Below are the data; count the lines with the string "middle" in them and give that number only.

(Beginning of Input data)

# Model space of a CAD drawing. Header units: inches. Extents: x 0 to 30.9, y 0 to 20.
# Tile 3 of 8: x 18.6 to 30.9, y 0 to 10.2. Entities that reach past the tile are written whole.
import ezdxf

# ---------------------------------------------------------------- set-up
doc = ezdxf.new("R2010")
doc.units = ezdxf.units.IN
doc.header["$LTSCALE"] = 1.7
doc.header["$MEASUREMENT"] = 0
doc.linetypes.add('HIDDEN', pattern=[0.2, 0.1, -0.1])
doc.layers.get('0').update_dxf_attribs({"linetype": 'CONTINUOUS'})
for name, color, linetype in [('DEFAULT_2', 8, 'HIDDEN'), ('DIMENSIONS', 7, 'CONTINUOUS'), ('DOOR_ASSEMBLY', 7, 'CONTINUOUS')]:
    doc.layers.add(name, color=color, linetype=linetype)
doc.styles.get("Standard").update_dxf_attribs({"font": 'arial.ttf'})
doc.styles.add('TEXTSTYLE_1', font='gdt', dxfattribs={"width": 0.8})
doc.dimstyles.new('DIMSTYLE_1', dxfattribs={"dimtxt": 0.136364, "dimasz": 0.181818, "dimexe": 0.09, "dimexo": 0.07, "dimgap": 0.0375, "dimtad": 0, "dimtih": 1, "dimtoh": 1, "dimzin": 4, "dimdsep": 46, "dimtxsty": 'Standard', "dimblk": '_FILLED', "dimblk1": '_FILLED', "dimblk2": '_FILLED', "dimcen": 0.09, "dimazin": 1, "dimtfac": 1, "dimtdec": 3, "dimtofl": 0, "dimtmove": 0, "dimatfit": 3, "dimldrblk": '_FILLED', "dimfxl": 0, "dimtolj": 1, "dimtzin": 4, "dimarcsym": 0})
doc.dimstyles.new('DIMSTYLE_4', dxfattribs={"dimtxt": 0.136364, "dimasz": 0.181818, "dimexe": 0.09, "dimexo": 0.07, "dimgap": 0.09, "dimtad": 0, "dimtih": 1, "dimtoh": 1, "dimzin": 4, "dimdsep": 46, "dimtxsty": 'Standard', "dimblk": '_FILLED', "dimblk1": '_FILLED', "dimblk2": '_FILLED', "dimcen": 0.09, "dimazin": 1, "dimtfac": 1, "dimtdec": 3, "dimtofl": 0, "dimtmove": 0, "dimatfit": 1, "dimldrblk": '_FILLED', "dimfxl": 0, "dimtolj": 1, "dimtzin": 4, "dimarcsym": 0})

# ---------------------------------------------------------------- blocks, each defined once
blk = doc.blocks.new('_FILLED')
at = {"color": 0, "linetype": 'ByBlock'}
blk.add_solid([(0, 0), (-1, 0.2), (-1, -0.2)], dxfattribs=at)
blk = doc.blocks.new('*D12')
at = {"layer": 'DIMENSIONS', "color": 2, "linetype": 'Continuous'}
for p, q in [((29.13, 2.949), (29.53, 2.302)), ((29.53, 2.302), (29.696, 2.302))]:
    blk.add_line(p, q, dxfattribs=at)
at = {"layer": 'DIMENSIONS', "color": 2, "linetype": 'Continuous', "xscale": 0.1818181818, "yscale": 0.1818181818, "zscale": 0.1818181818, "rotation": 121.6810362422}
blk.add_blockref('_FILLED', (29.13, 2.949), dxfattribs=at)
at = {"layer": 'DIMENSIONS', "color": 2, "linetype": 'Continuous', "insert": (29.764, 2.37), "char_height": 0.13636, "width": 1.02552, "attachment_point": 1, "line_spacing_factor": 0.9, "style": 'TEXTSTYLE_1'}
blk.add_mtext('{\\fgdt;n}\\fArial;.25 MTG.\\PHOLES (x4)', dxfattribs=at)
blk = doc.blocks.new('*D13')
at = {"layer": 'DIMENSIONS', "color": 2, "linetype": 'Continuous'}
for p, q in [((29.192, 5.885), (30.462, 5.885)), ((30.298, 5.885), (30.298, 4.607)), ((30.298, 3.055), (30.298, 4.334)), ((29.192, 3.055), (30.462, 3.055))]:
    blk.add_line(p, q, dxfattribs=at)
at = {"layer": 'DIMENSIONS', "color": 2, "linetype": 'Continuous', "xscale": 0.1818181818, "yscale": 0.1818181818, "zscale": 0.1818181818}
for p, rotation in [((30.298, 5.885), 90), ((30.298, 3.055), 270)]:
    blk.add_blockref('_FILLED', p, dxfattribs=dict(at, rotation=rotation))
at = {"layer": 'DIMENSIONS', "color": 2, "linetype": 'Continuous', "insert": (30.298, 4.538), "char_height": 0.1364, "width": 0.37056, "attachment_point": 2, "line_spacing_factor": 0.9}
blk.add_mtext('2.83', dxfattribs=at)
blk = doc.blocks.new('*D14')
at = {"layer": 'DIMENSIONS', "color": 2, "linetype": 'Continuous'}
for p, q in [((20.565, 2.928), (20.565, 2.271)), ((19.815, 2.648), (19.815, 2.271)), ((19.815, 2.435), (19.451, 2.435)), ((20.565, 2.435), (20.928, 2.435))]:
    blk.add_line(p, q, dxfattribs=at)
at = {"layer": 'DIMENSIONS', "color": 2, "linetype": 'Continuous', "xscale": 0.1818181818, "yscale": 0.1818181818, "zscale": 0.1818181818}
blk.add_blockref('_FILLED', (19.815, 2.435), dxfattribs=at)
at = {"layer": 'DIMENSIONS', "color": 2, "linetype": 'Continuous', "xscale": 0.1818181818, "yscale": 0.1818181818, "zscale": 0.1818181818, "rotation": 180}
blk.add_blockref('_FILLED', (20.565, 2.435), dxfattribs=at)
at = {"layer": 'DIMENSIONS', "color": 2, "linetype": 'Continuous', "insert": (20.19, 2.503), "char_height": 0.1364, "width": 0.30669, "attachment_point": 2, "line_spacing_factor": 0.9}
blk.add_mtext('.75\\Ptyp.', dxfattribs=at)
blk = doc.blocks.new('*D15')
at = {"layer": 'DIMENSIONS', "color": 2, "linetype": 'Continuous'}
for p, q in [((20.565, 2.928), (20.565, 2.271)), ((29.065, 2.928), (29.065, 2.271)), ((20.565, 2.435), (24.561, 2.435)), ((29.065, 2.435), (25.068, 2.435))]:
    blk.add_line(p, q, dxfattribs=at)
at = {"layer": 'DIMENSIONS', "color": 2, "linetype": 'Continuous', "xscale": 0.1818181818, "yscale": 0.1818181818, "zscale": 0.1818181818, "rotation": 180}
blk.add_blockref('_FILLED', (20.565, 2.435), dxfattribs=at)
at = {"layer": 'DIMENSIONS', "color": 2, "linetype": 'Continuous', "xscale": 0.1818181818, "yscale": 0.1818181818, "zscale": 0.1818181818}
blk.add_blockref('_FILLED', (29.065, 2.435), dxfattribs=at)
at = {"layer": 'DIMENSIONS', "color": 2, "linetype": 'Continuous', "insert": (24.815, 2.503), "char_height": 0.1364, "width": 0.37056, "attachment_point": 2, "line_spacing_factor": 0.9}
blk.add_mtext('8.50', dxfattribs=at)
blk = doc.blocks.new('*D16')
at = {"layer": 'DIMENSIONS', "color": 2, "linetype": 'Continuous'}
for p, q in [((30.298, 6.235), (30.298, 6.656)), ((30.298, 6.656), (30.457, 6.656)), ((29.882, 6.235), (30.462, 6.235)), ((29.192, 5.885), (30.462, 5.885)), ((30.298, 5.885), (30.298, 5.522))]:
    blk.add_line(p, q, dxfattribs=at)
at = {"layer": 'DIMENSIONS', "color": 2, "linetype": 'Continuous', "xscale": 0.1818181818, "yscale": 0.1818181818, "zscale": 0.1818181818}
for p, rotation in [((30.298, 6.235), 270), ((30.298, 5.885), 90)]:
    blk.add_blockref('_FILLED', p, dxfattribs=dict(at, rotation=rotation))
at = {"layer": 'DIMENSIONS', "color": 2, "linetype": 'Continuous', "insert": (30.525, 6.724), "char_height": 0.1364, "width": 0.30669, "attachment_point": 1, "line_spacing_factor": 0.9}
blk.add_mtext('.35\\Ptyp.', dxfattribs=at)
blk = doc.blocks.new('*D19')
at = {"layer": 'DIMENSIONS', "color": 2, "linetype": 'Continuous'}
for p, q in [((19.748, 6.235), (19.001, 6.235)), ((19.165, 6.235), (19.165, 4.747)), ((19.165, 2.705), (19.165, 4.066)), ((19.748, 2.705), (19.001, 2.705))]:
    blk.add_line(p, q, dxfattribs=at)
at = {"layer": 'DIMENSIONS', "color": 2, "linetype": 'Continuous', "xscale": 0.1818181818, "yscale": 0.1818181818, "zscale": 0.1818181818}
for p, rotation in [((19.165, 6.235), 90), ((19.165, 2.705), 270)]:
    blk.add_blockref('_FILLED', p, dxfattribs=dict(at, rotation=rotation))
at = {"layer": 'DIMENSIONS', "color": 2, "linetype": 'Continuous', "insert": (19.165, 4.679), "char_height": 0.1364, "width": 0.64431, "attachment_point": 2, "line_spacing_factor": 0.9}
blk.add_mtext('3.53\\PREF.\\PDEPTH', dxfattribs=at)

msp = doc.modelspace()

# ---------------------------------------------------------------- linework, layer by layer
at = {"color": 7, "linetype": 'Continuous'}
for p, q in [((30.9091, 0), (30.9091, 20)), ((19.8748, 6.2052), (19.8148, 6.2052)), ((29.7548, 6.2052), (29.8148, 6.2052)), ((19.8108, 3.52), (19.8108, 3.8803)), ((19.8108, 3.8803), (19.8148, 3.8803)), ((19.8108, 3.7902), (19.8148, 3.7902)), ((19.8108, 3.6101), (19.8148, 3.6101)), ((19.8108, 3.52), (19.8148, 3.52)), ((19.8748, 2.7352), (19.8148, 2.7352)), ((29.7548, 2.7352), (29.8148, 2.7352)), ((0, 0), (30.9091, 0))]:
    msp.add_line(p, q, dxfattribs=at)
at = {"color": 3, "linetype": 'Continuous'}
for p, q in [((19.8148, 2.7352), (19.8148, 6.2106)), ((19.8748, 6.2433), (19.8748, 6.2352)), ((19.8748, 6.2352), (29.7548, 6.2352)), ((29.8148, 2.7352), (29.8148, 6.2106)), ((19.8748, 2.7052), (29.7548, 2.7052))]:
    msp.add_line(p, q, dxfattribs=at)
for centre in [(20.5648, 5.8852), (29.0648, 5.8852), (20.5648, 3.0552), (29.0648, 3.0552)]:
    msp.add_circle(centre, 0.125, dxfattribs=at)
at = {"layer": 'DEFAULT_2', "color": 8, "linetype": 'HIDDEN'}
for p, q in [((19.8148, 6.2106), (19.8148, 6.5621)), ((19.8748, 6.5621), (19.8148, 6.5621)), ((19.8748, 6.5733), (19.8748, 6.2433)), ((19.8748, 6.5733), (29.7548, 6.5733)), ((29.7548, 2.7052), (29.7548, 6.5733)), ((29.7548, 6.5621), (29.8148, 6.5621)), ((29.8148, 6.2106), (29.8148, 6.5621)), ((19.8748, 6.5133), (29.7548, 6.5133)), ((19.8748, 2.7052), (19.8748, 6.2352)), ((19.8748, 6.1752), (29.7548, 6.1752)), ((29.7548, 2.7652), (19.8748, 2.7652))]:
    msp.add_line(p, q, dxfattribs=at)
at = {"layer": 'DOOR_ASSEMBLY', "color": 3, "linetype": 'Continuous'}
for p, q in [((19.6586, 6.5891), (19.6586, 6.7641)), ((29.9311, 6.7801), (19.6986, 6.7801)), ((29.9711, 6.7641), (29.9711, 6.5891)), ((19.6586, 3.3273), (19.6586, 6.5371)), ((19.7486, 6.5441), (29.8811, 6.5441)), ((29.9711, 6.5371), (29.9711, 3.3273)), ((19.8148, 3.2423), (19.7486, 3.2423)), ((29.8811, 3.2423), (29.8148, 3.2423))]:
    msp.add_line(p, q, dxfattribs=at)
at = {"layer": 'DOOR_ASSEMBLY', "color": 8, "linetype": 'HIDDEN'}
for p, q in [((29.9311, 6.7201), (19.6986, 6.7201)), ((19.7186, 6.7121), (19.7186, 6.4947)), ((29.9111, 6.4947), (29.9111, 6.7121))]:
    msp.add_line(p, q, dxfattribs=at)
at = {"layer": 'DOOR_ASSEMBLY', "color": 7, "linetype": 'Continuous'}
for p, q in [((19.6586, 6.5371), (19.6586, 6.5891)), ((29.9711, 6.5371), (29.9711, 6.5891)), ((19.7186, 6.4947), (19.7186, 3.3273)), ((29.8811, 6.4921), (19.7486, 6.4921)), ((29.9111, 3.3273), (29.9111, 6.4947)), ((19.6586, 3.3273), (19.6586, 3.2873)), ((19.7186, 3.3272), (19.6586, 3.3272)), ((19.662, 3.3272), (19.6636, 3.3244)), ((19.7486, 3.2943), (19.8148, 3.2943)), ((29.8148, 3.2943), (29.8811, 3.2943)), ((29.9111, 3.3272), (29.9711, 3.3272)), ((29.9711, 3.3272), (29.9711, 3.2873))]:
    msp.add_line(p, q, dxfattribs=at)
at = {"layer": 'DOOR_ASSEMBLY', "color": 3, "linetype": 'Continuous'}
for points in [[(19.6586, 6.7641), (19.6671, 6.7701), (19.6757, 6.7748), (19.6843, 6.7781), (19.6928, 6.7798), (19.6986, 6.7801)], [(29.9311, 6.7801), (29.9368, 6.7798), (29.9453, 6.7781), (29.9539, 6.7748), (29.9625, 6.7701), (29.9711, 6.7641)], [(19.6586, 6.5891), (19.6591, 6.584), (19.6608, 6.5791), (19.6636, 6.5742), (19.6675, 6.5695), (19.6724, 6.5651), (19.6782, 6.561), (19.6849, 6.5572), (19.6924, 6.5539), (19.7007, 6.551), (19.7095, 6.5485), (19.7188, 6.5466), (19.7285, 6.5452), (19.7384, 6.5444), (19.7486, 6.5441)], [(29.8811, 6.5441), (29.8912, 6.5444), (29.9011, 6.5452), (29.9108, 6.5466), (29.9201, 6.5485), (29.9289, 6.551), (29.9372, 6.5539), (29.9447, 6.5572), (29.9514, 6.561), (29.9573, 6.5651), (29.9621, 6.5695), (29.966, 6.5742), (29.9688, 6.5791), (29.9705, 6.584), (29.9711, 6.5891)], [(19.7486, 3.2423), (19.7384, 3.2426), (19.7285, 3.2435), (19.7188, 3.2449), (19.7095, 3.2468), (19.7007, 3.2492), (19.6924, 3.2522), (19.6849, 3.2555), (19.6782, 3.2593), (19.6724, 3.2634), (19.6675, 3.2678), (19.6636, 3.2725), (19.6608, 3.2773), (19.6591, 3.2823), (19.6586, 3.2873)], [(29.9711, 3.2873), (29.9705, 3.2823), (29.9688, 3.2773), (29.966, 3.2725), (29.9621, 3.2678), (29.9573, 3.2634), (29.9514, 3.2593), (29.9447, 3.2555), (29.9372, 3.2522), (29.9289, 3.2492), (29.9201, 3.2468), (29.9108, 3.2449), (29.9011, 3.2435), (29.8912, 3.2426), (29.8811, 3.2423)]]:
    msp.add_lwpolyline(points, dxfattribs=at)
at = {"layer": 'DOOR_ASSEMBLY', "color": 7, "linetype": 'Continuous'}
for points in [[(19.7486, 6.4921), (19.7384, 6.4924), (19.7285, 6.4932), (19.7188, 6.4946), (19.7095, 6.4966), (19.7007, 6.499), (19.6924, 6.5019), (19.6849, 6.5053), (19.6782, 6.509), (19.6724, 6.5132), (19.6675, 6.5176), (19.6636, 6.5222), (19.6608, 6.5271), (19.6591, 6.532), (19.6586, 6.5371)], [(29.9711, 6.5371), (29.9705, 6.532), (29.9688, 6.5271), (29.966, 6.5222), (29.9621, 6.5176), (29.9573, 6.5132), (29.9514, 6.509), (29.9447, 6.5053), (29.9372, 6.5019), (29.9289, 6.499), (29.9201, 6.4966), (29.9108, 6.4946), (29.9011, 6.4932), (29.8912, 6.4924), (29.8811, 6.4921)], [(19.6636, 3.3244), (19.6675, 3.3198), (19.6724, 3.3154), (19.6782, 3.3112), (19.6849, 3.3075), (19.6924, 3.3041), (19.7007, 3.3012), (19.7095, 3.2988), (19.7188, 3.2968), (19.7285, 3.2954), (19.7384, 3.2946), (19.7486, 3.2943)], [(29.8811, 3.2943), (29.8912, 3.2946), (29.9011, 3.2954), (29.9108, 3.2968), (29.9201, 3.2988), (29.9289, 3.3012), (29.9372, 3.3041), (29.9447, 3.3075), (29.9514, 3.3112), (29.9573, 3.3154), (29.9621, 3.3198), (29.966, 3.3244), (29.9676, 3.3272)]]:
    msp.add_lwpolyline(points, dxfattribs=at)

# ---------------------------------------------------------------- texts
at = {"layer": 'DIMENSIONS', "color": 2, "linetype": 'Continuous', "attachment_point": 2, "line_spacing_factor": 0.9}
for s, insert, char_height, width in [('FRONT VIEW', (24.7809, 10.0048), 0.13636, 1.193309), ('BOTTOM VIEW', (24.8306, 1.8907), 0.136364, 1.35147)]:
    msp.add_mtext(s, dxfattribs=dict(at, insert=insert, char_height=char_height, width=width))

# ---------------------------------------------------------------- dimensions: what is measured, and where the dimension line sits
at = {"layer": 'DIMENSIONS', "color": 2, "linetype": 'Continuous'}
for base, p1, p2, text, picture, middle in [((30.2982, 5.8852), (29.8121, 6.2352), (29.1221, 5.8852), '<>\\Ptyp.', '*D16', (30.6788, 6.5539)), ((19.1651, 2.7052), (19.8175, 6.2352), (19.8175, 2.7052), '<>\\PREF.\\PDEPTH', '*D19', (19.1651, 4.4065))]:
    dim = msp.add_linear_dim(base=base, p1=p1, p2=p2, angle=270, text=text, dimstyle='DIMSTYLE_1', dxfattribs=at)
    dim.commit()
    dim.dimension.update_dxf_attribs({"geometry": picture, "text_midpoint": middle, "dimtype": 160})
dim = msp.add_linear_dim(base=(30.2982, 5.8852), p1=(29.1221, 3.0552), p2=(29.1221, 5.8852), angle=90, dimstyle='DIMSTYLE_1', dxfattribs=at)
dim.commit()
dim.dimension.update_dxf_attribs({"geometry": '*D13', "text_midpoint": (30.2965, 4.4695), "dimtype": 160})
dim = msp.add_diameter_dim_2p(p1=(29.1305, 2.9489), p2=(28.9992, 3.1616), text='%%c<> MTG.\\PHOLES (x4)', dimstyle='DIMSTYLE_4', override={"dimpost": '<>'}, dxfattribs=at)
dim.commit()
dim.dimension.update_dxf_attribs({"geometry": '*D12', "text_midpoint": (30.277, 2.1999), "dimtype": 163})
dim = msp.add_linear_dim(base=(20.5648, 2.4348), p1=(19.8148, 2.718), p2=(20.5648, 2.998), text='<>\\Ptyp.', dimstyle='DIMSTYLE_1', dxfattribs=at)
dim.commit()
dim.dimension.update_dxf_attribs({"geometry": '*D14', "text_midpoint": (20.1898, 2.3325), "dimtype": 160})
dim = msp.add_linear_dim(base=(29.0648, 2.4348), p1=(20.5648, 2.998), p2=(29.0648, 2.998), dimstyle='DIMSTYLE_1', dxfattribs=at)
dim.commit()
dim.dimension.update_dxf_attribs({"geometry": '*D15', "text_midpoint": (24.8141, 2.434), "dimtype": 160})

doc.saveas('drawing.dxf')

(End of Input data)

Your response — 2